Falhas no abastecimento de água em Almada mantêm-se sem prazo para solução

Charneca, Sobreda, Lazarim e Costa de Caparica disparam consumo de água para recorde de 75 anos

As falhas no abastecimento de água continuam a afetar várias freguesias do concelho de Almada e ainda não existe uma data para a normalização do serviço. Apesar de uma rotura de grandes dimensões já ter sido resolvida, a elevada procura e a limitada capacidade de captação mantêm o sistema sob forte pressão.
O aumento histórico do consumo mantém o sistema sob forte pressão

O concelho de Almada continua a enfrentar dificuldades no abastecimento de água, sobretudo em zonas como a Costa de Caparica, Charneca de Caparica, Feijó e Laranjeiro. A rotura que agravou a situação nos últimos dias foi entretanto reparada, mas os constrangimentos no fornecimento mantêm-se devido às limitações da rede.
Segundo a Câmara Municipal de Almada, os primeiros seis meses de 2026 registaram o maior consumo de água dos últimos 75 anos. Face ao mesmo período de 2025, a procura aumentou 4,3 por cento, um crescimento superior ao dobro da média anual das últimas décadas, que rondava os dois por cento.
A autarquia destaca que a evolução não foi igual em todo o concelho. Enquanto Pragal, Almada, Cacilhas e Cova da Piedade registaram um consumo estabilizado ou ligeiramente inferior, a Charneca de Caparica ultrapassou um crescimento de 15 por cento, a Sobreda e o Lazarim aproximaram-se dessa percentagem e a Costa de Caparica registou uma subida superior a 14 por cento. 
De acordo com o município, estes valores ajudam a explicar a pressão sentida pelo sistema, sobretudo durante os períodos de maior calor, quando o consumo diário ultrapassa a capacidade de captação dos Serviços Municipalizados de Água e Saneamento de Almada.

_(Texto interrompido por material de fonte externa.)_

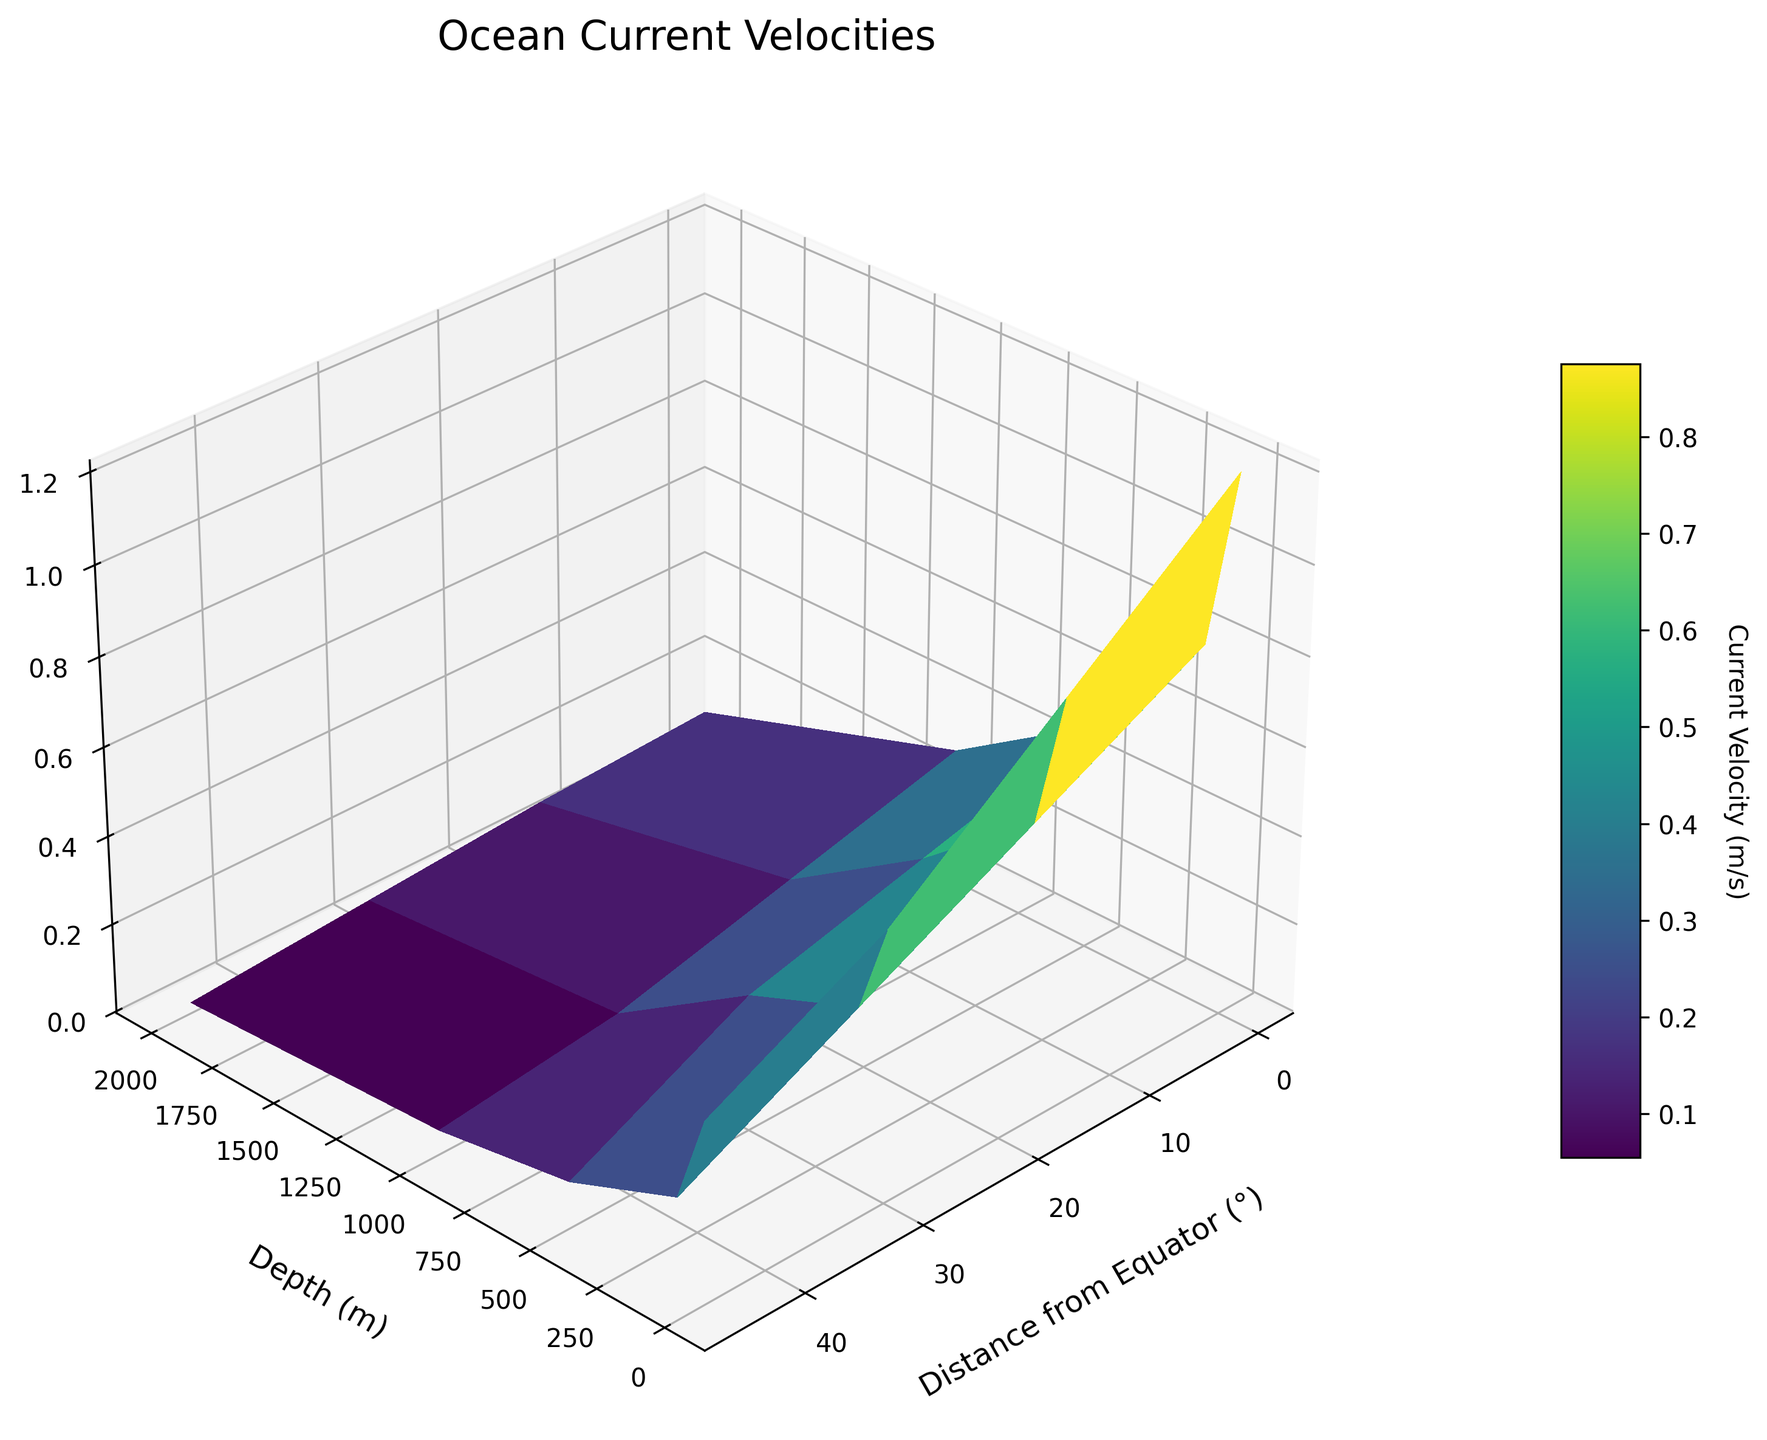What is the title of the 3D surface plot? The title of the figure is displayed prominently at the top of the plot. By observing the figure, we can see the text that serves as the title.
Answer: Ocean Current Velocities How many depth levels are plotted on the figure? By looking at the y-axis label "Depth (m)" and counting the distinct levels indicated along this axis, we can determine the number of different depths plotted.
Answer: 5 At what depth does the current velocity first drop below 0.5 m/s at the equator? To answer this, observe the current velocities along the distance = 0° and identify the depth at which the value first drops below 0.5 m/s. From the depth values (0 m: 1.2 m/s, 100 m: 0.8 m/s, 500 m: 0.5 m/s, 1000 m: 0.3 m/s), the drop occurs at 1000 m.
Answer: 1000 m What is the current velocity at a depth of 500 m and 30° from the equator? Locate the coordinates (500 m depth, 30° distance) on the plot and read the corresponding current velocity value from the surface.
Answer: 0.3 m/s How does current velocity generally change with depth? By observing the surface plot, current velocities tend to decrease as depth increases. Indicating that deeper ocean currents generally move slower.
Answer: Decreases Compare the current velocities at 0 m and 2000 m depths at 15° from the equator. Which is greater, and by how much? Find the current velocities at 0 m depth (0.9 m/s) and 2000 m depth (0.08 m/s) at 15° from the equator. Subtract the 2000 m value from the 0 m value to get the difference.
Answer: 0 m depth is greater by 0.82 m/s What is the average current velocity at a depth of 0 m across all distances from the equator? Identify the values at 0 m depth (1.2, 0.9, 0.6, 0.4 m/s) and calculate their average: (1.2 + 0.9 + 0.6 + 0.4) / 4 = 0.775 m/s.
Answer: 0.775 m/s How does the current velocity pattern change from 0 m to 1000 m depth at the equator? Observe the current velocities along the equator (distance = 0°): 1.2 m/s at 0 m, 0.8 m/s at 100 m, 0.5 m/s at 500 m, 0.3 m/s at 1000 m, and note the trend.
Answer: Steady decrease Which area shows the lowest current velocity on the surface plot? By scanning the surface plot, identify the region with the minimum altitude/color intensity; it occurs at the greatest depth and farthest distance from the equator (2000 m, 45°: 0.02 m/s).
Answer: 2000 m depth, 45° What can you infer about the relationship between distance from the equator and current velocity at different depths? Analyze the surface plot to see trends: current velocity decreases as both distance from the equator and depth increase. This indicates an overall pattern where distance from the equator generally slows down ocean currents at various depths.
Answer: Decreases

Reforço da captação ainda não resolve o problema
Em declarações à Antena 1, o presidente dos Serviços Municipalizados de Água e Saneamento de Almada, Luís Palma, explicou que os trabalhos para aumentar a capacidade de captação estão em curso, mas ainda não produziram os resultados esperados.
"O novo furo ainda não está a captar o suficiente para se aproximar dos níveis de consumo que neste momento são exigidos. Quando começar a funcionar o outro furo, que desejamos que seja até ao final deste mês, já é mais um reforço", afirmou.
O responsável adiantou que está prevista a entrada em funcionamento de mais uma captação até ao final de Julho, seguindo-se outras duas até ao final do ano, numa estratégia destinada a reforçar a capacidade de abastecimento.

Sem previsão para normalizar o abastecimento
Apesar das intervenções em curso, Luís Palma admite que ainda não é possível indicar quando ficará resolvido o problema.
"Não é possível para já termos a resolução que todos desejaríamos. Não há data. Nós agora não estamos em condições de garantir esses prazos. Estamos a gerir isto permanentemente para que possamos ter uma resolução o mais breve possível", afirmou à rádio pública. 
O presidente dos Serviços Municipalizados de Água e Saneamento de Almada sublinhou ainda que "estamos a fazer um esforço enorme numa situação muito sensível" e que o plano de investimento "está em execução", embora os seus efeitos apenas venham a sentir-se de forma gradual.

Novos constrangimentos alteraram previsões
Na passada sexta-feira, Luís Palma tinha indicado que a situação estava praticamente regularizada e que a falta de água ocorria apenas de forma muito pontual. Contudo, explicou agora que o cenário evoluiu de forma diferente.
"Era essa a perspetiva que efetivamente tínhamos. Como compreenderão, depois começaram a surgir outros problemas que dificultaram essa nossa intenção e aquilo que era o que nós tínhamos previsto", referiu. 
Segundo o responsável, as dificuldades resultam sobretudo do facto de o consumo estar acima da capacidade atual de captação.
"Está a haver consumo superior à capacidade de captação que temos. E este aumento faz com que não consigamos ter a água na quantidade que desejamos para fazer o abastecimento de forma normal", explicou.

Moradores exigem respostas rápidas
As sucessivas interrupções no abastecimento levaram ao lançamento de uma petição pública que reúne já perto de quatro mil assinaturas.
Os subscritores exigem medidas urgentes para reduzir os impactos da falta de água e defendem uma intervenção rápida que permita resolver o problema com a maior brevidade possível. No texto da petição manifestam-se "profundamente preocupados e indignados" com as frequentes interrupções no abastecimento que têm afetado várias localidades do concelho de Almada.